━━━ RECORDS PROVIDED ━━━

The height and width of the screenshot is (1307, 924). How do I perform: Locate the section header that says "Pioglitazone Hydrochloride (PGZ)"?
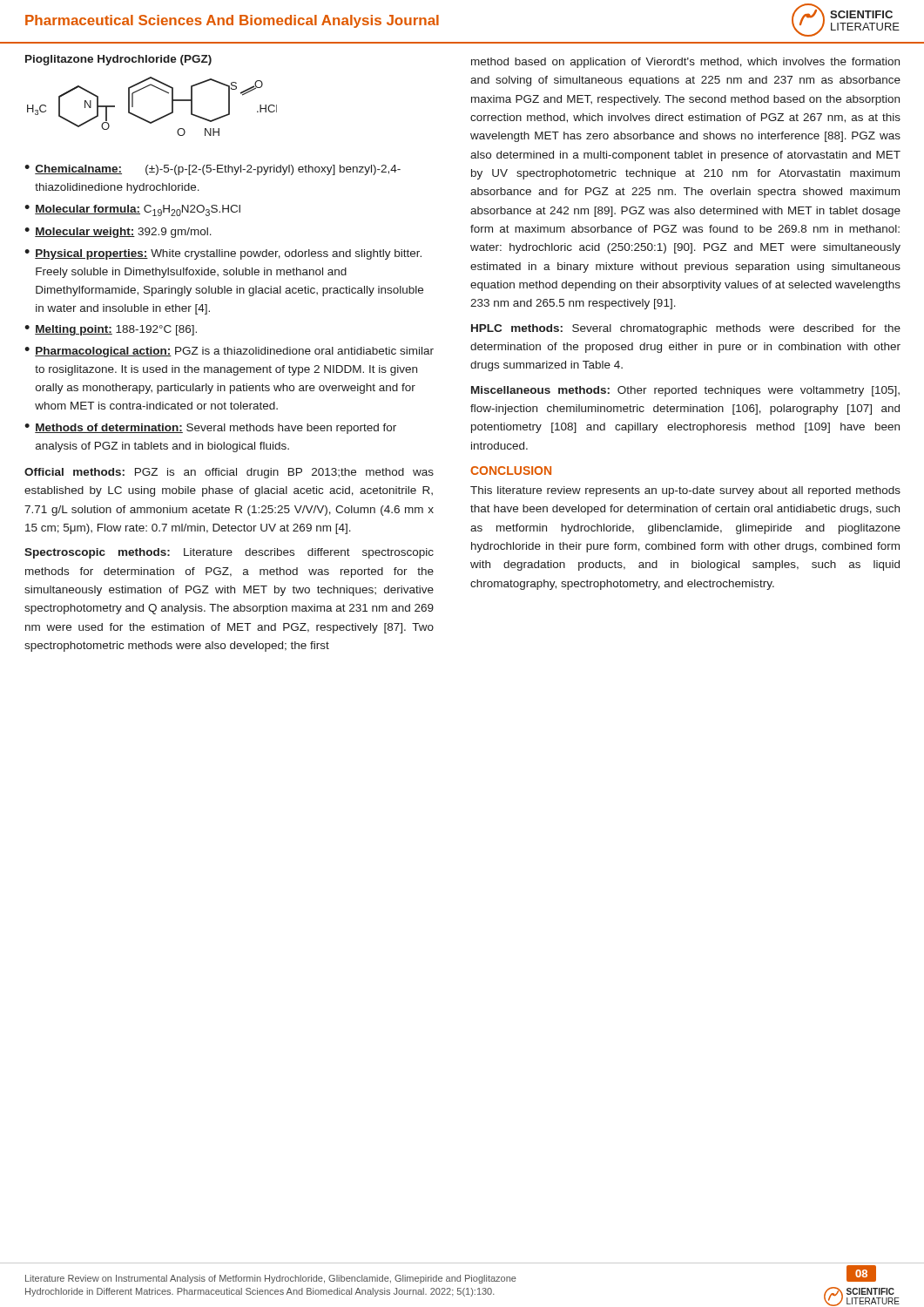[x=118, y=59]
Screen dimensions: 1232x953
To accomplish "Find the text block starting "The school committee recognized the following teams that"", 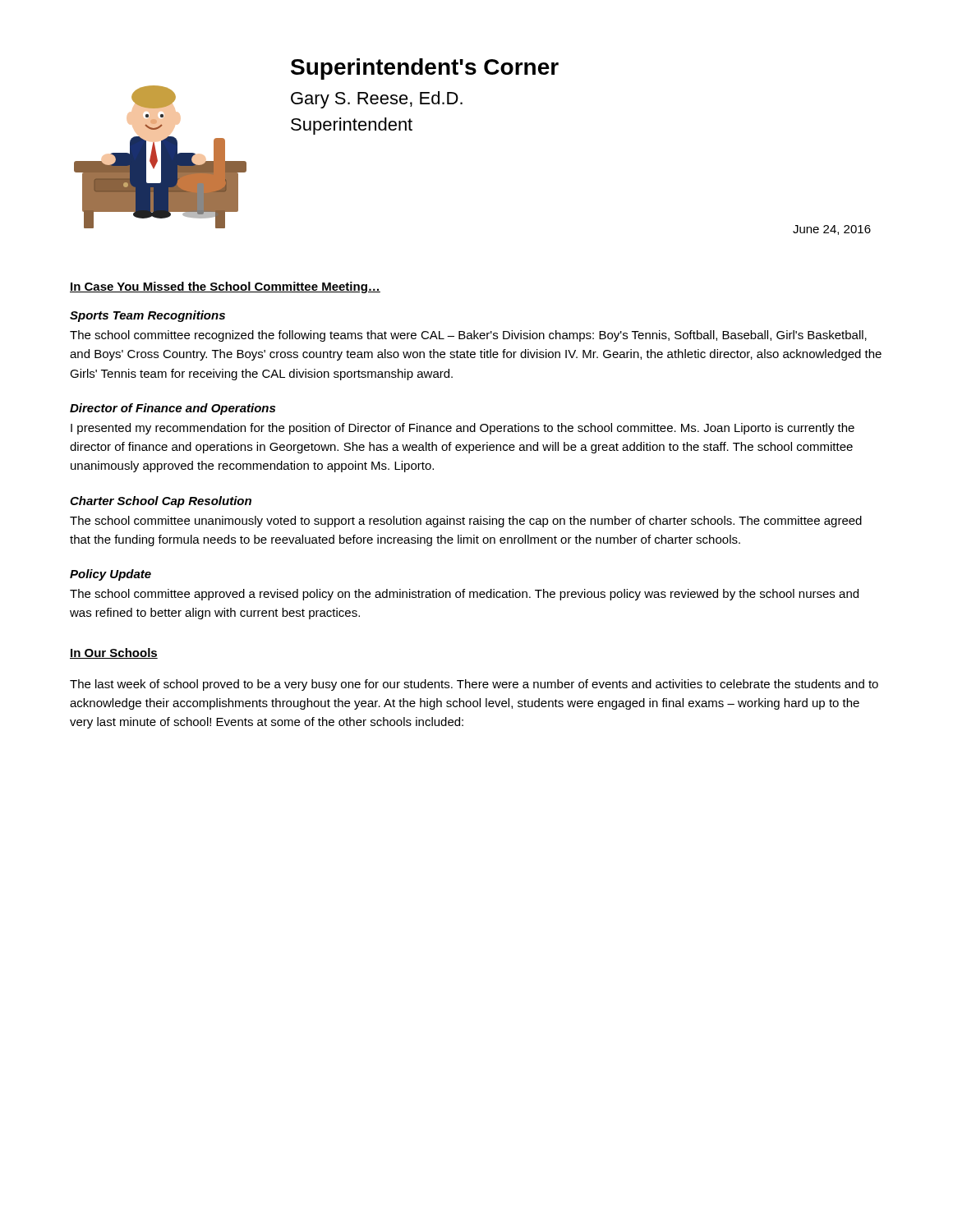I will tap(476, 354).
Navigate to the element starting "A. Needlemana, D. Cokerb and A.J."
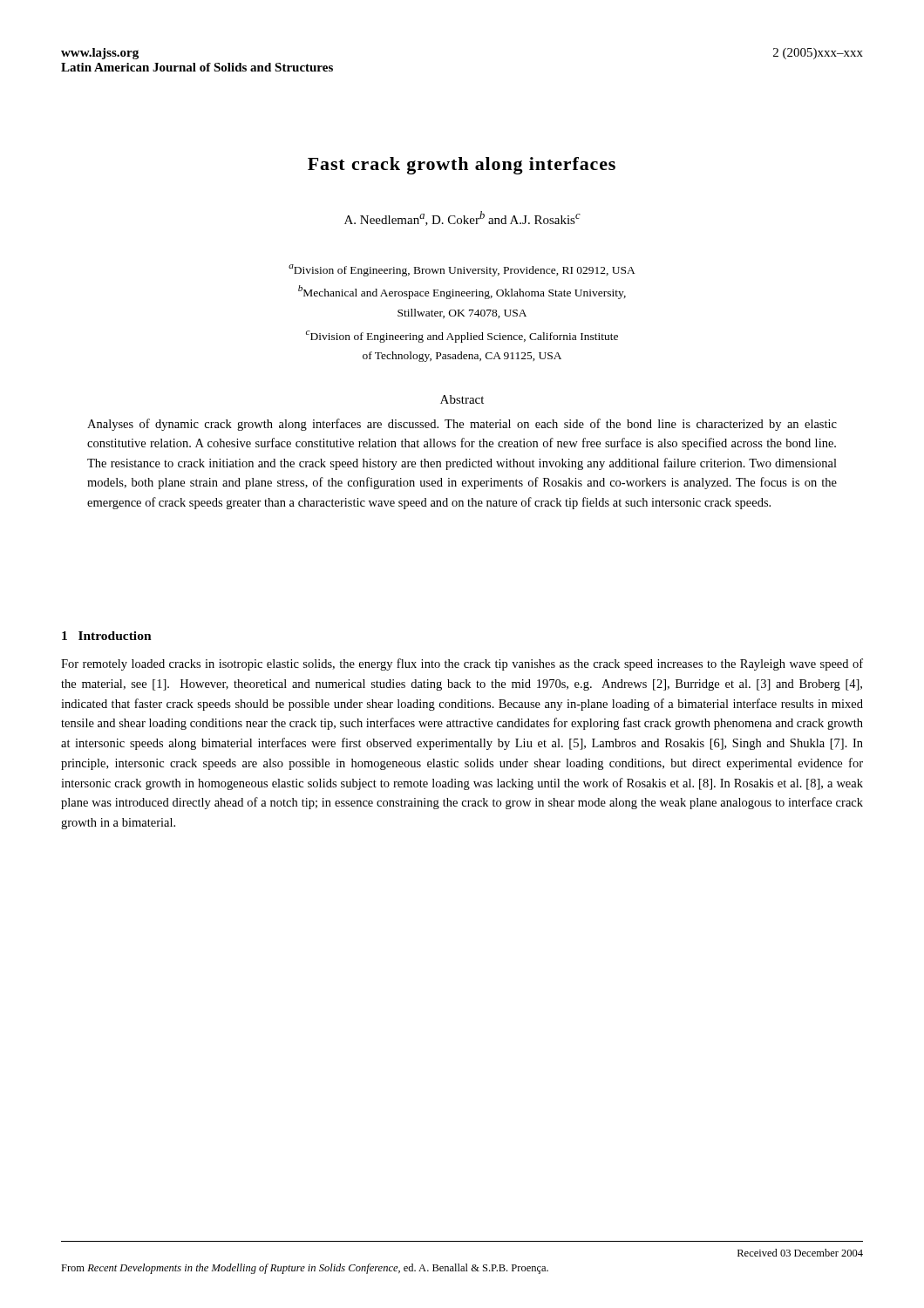The height and width of the screenshot is (1308, 924). pyautogui.click(x=462, y=218)

━━━

TASK: In the data above, find the line with "Navigate to the" and repeat it and every line after it through the end, exactly; leave the pictures out.

EXERCISE RESULT:
Navigate to the element starting "A. Needlemana, D. Cokerb and A.J."
The height and width of the screenshot is (1308, 924). pyautogui.click(x=462, y=218)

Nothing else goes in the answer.